▸ TASK DIRECTIONS: The reply should contain only the lines from the start of the records through the line with "0.0 sec to 12.0", reproduced verbatim and without pictures.

---- TASK DATA

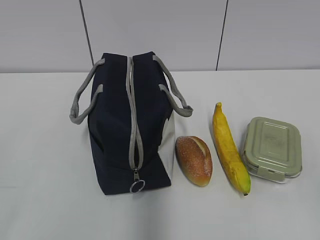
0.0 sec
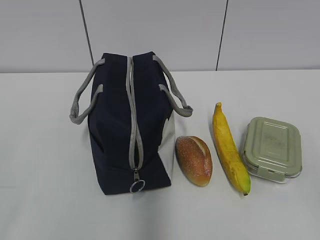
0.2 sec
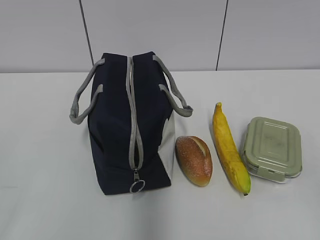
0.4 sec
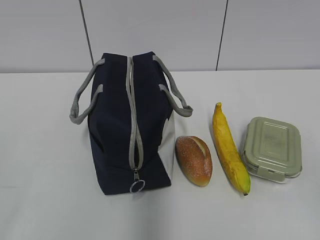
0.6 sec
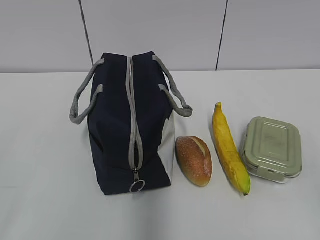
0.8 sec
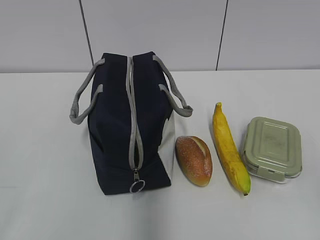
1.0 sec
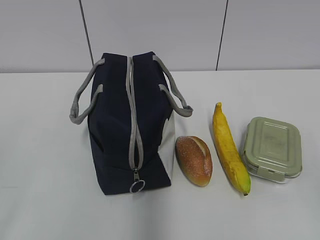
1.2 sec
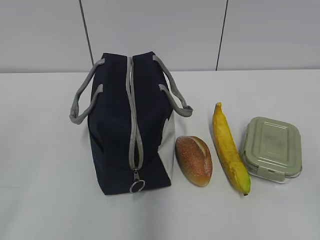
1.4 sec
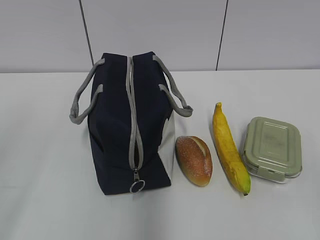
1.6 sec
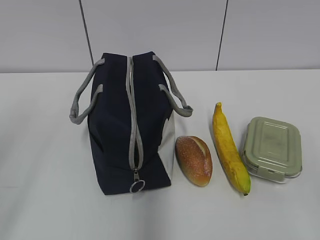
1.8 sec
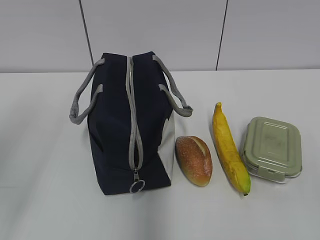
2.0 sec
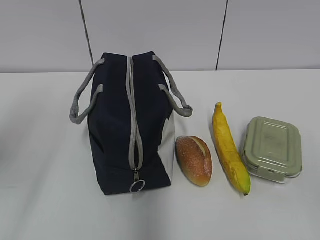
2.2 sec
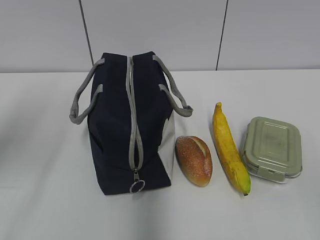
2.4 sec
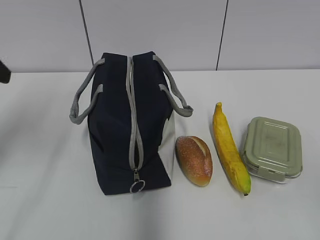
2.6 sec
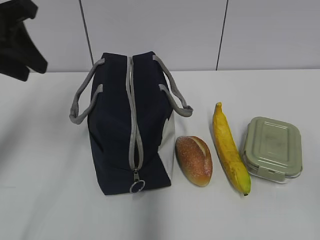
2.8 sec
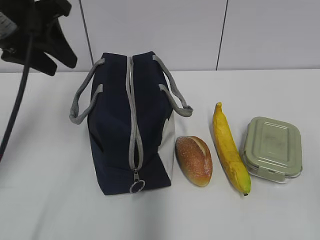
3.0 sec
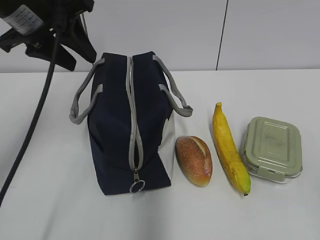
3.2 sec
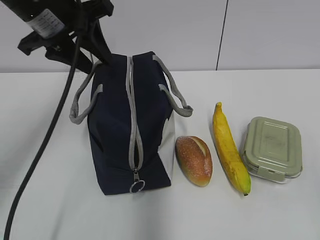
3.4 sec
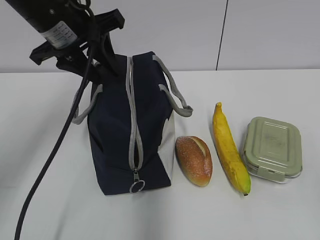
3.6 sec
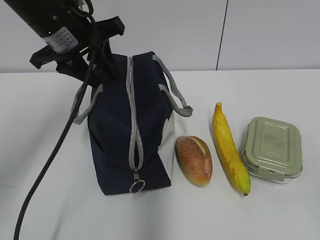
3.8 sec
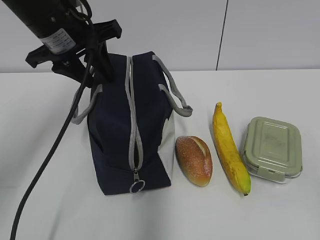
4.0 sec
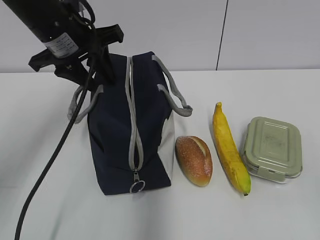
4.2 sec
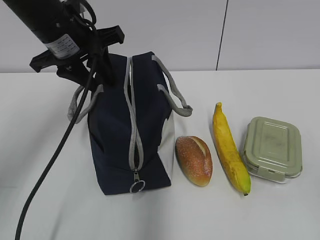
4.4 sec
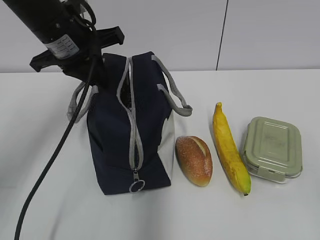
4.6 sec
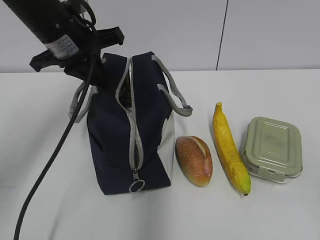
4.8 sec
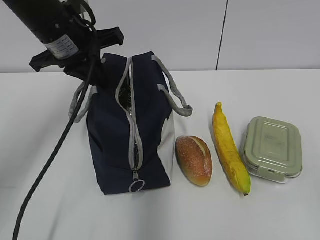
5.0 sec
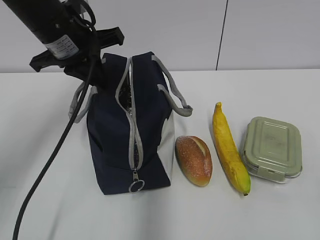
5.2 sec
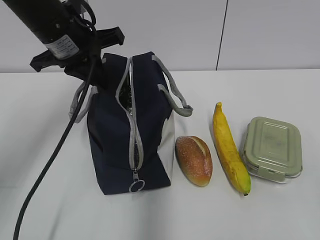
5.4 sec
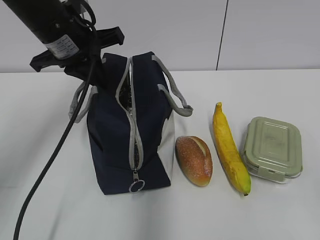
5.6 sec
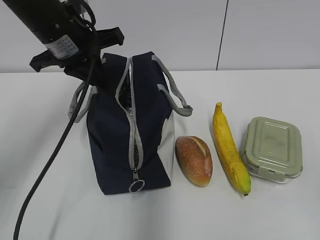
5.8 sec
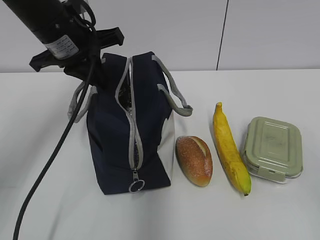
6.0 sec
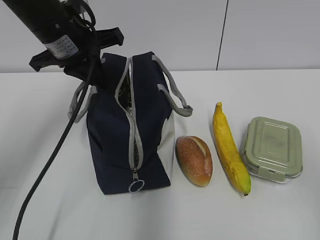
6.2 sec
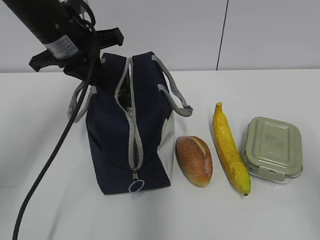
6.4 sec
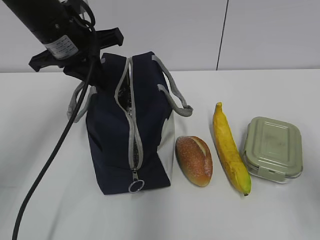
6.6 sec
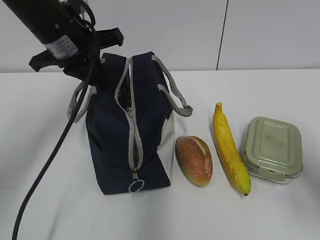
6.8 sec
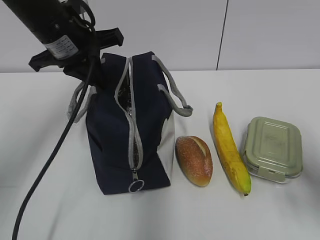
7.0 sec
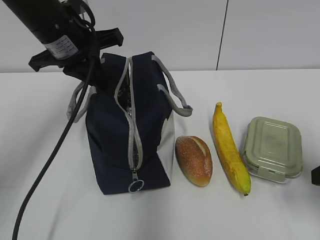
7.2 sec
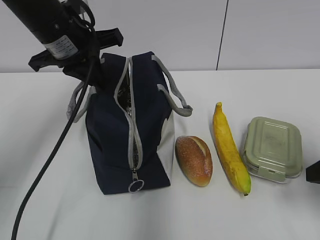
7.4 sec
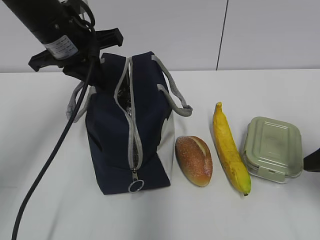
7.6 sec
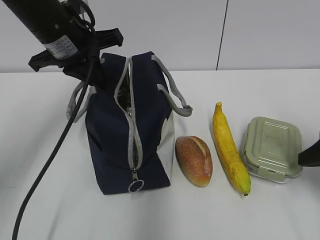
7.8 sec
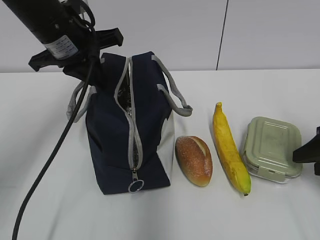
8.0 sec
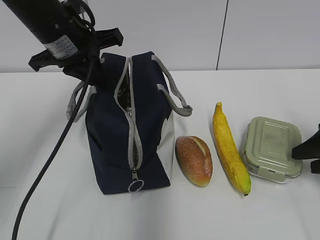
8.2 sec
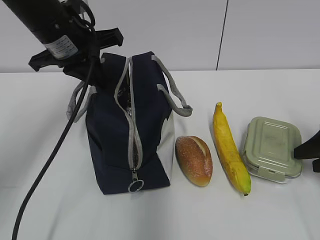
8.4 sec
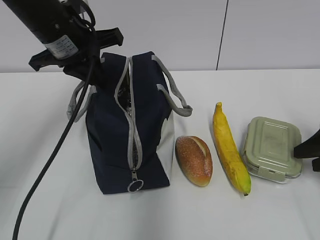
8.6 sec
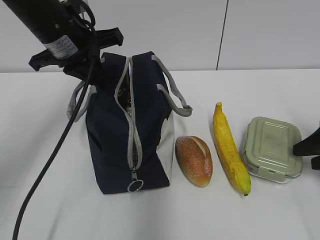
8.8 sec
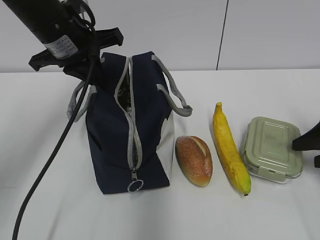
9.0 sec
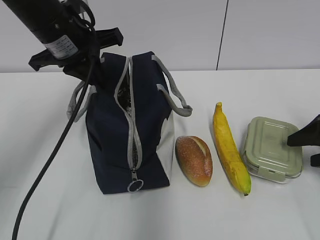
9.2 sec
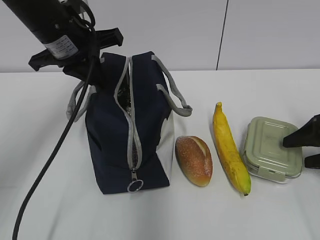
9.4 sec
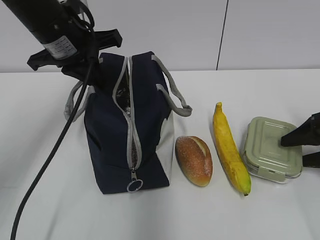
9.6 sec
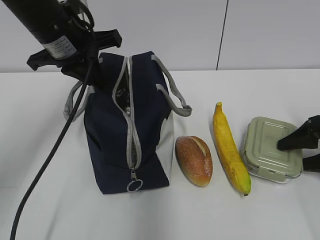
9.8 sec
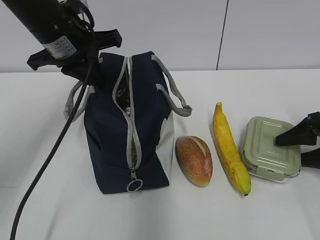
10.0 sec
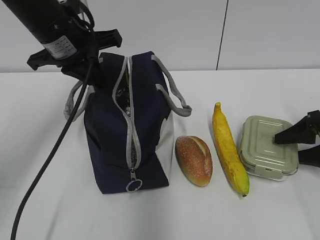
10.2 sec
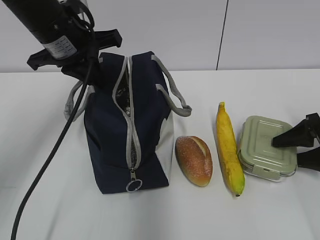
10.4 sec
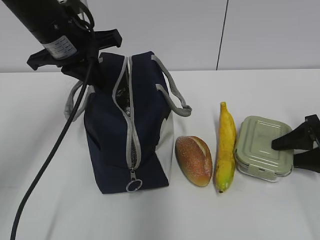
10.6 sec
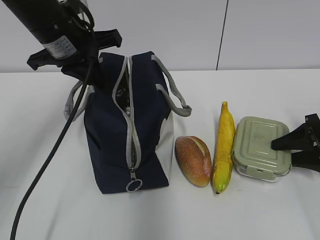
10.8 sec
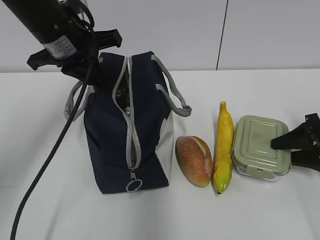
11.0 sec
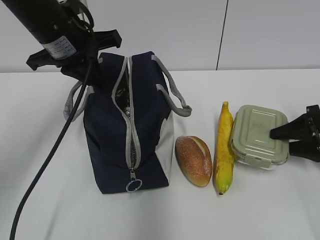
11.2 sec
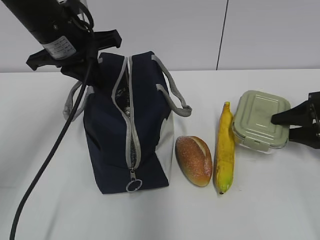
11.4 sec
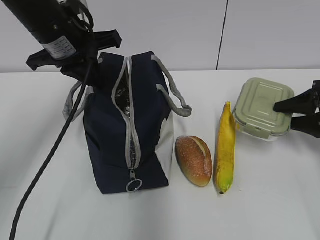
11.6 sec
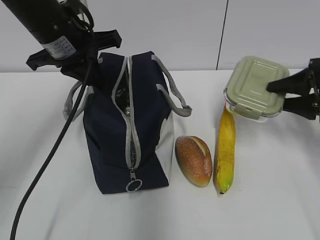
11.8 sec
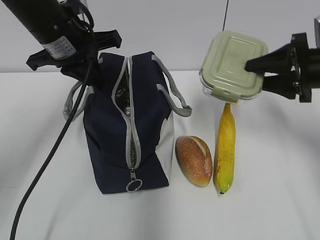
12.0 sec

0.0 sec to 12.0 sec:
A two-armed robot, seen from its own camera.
1.6 sec to 3.0 sec: The left gripper moves forward, about 25 cm.
3.0 sec to 4.4 sec: The left gripper travels to the right by roughly 5 cm.
4.4 sec to 6.0 sec: The left gripper closes.
6.0 sec to 7.6 sec: The right gripper travels forward by some 20 cm.
7.6 sec to 9.0 sec: The right gripper goes about 10 cm forward and to the right.
9.0 sec to 10.4 sec: The right gripper ends up some 5 cm from where it was.
10.4 sec to 12.0 sec: The right gripper goes some 15 cm upward and to the left.

--------

▸ FINISHED EXERCISE:
0.0 sec
0.2 sec
0.4 sec
0.6 sec
0.8 sec
1.0 sec
1.2 sec
1.4 sec
1.6 sec
1.8 sec
2.0 sec
2.2 sec
2.4 sec
2.6 sec
2.8 sec
3.0 sec
3.2 sec
3.4 sec
3.6 sec
3.8 sec
4.0 sec
4.2 sec
4.4 sec
4.6 sec
4.8 sec
5.0 sec
5.2 sec
5.4 sec
5.6 sec
5.8 sec
6.0 sec
6.2 sec
6.4 sec
6.6 sec
6.8 sec
7.0 sec
7.2 sec
7.4 sec
7.6 sec
7.8 sec
8.0 sec
8.2 sec
8.4 sec
8.6 sec
8.8 sec
9.0 sec
9.2 sec
9.4 sec
9.6 sec
9.8 sec
10.0 sec
10.2 sec
10.4 sec
10.6 sec
10.8 sec
11.0 sec
11.2 sec
11.4 sec
11.6 sec
11.8 sec
12.0 sec

0.0 sec to 12.0 sec:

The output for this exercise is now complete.